For many of us, sitting through high school and college math courses, such as calculus,
spurred a common question: "When am I ever going to use this in real life?" But for those of
us that found our way to the information security world, the answer to that question is "now."

It's time for organizations across industries to take a page from the financial services book
and use math and data science to assess the probabilities of a breach. Specifically, security
teams can leverage time series data to build mathematical models that describe user behavior,
and then look for anomalies and assign a probability that something is wrong.

Here are some of the elements and basic concepts of math and data science that organizations
can use to improve their breach detection:

 Derivatives. The word "derivative" may sound fancy, but it essentially means the rate
of change with respect to time. For our purposes, a sudden increase in the number of
authentication failures per unit time (per hour, per day, and so on) is a derivative
worth watching. For example, if authentication failures jump from five or ten per day
to 100 or more, it's a sign that a breach is being attempted (best case) or has already
happened (worst case). Here you want to look at the derivative of a function rather
than the quantity.

 Mathematical models. Another concept that's useful in our field is building

mathematical models of asset behavior. For example, think of a software-as-a-service
product or platform as an asset. How can we provide a baseline norm that can then be
used to spot anomalies? You might model GitHub if you use it as a code repository by
monitoring metrics over time for some set of critical operations, such as "clone,"
"merge," "delete," "add user," or "generate access token."

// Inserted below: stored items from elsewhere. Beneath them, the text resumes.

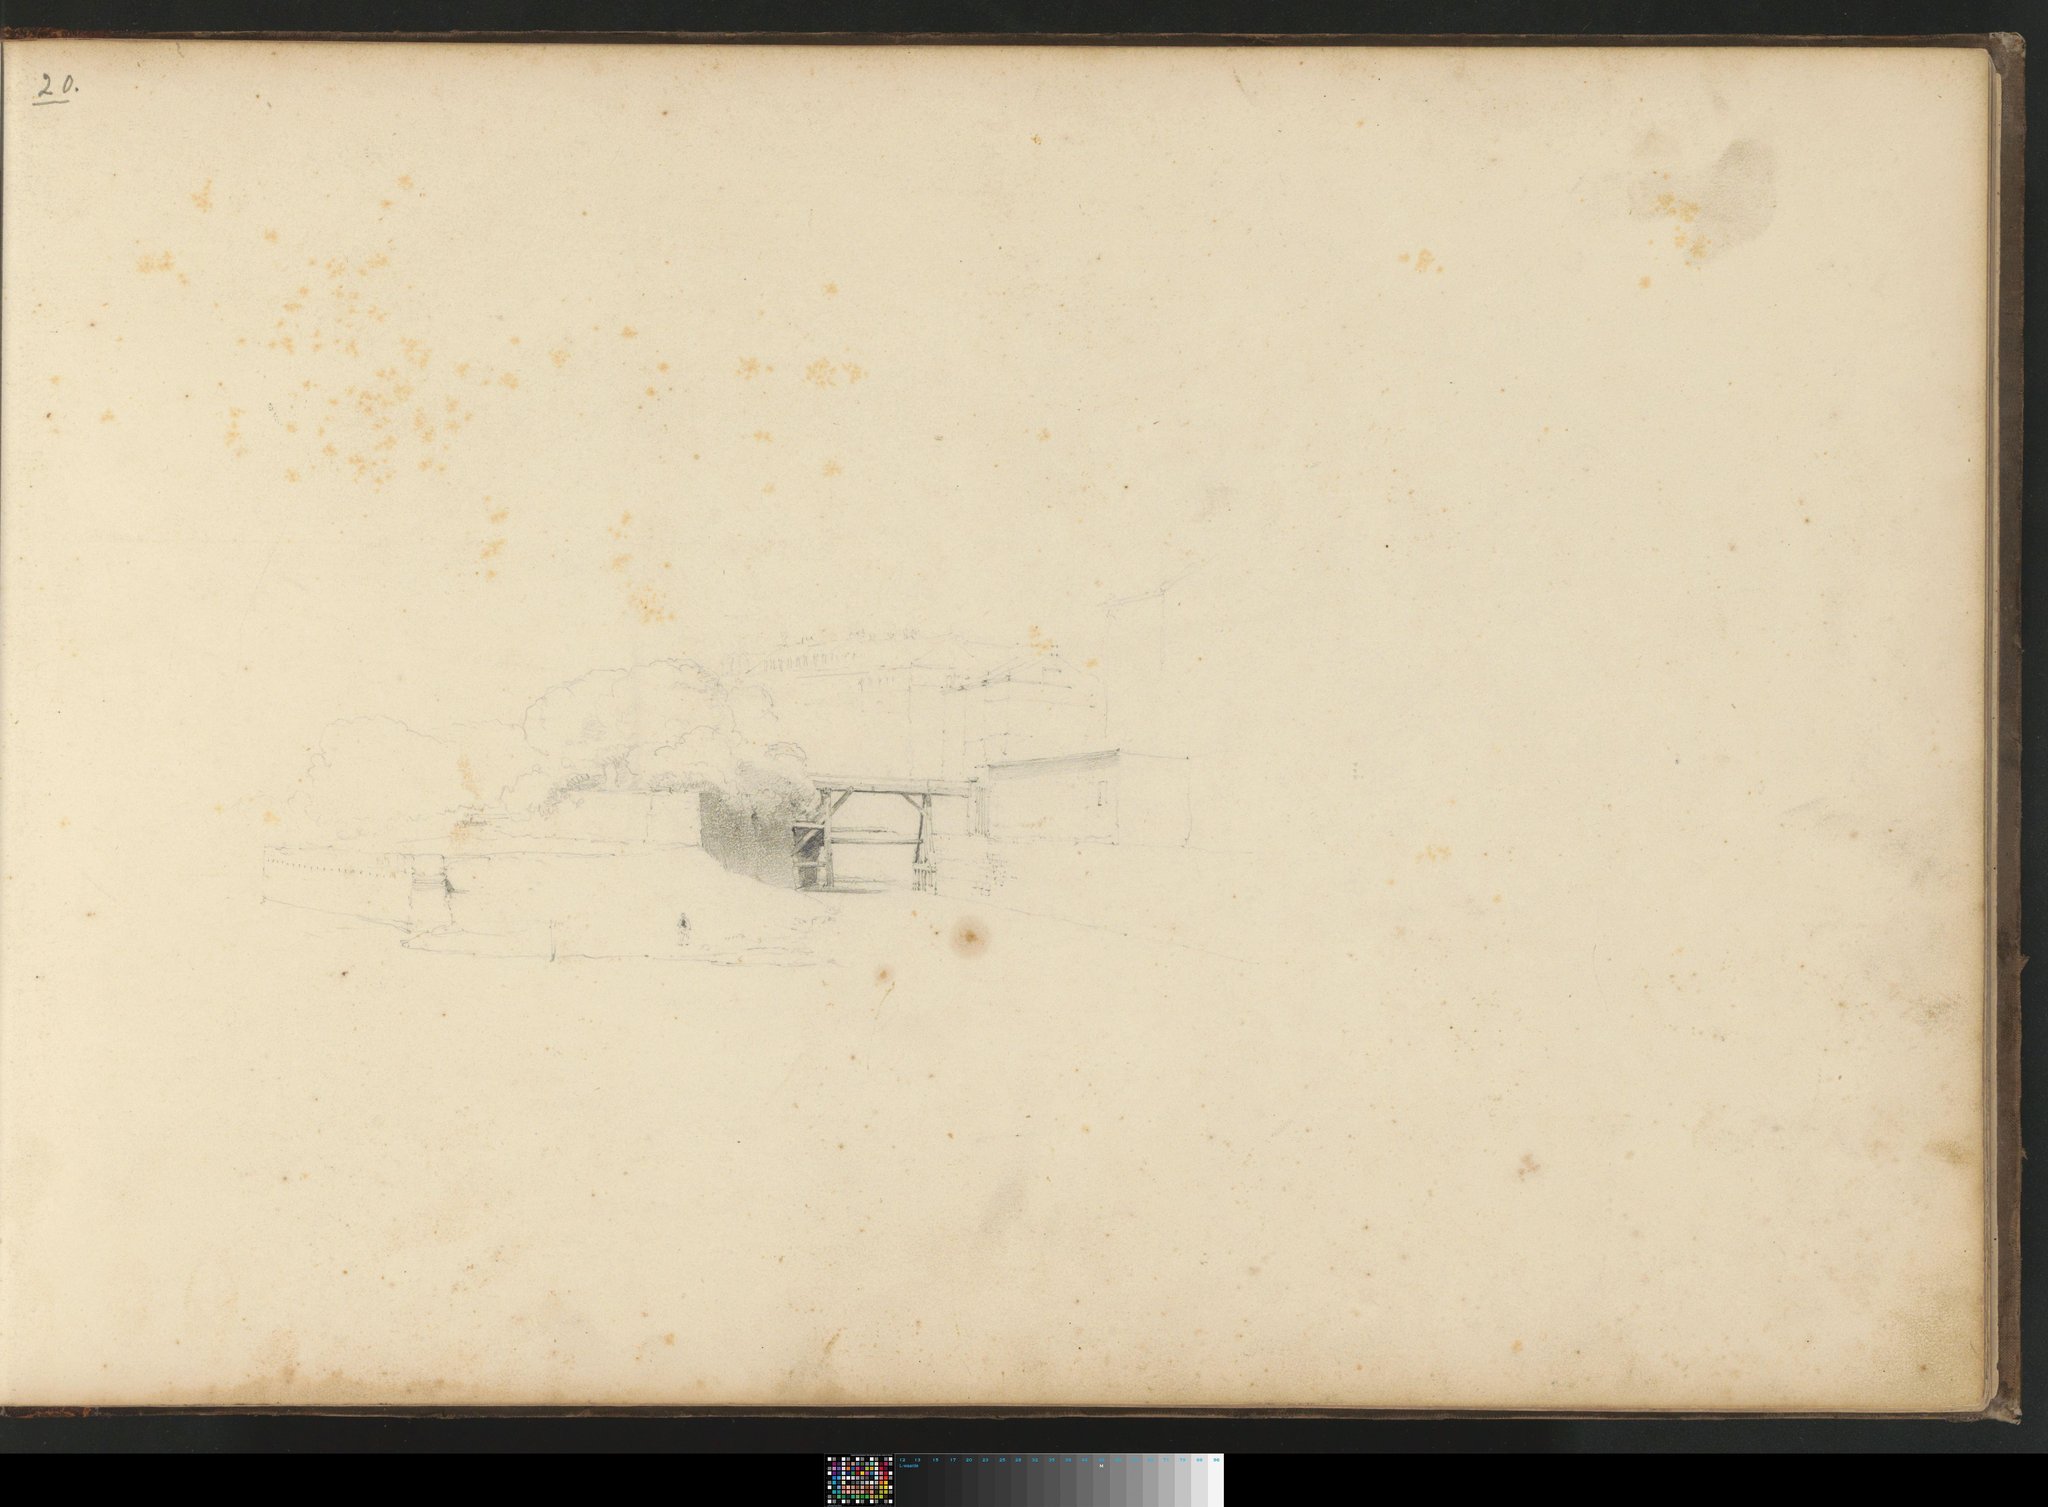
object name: sketchbook leaf
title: Steiger bij een kademuur
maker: kasparus karsen
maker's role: draughtsman, painter, print maker
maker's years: 1810-1896
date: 1820-1896
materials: paper, pencil
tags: quay
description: Op de achtergrond een stad. Blad 20 recto uit een schetsboek met 68 bladen.

 Cardinality. These examples can also include the notion of cardinality — the number
of elements of a set. This could be logins from known devices, in that we are looking
for a change in the quantity of specific critical operations to represent a possible
indicator of compromise. But in order to derive this, we first need to "learn" it. As a
basic example, say the number of devices used to log in from a CEO is almost always
three per day — one on their phone, one on their tablet, and another on their laptop. If
that number grows to four or five, it could be that the CEO started working on a new
device or two (still worth confirming). But if it jumps significantly, there is a high
probability of a breach.

Many organizations and security teams still do breach detection the old-fashioned way,
collecting and searching logs for patterns or regular expressions from any and everywhere,
but it's clearly not adequate. Again, logs are still useful for forensics. But to limit the window
of exposure and improve time-to-detection so that remediation activities can be initiated
sooner, combining time series data with math and data science principles is proving to be
extremely valuable.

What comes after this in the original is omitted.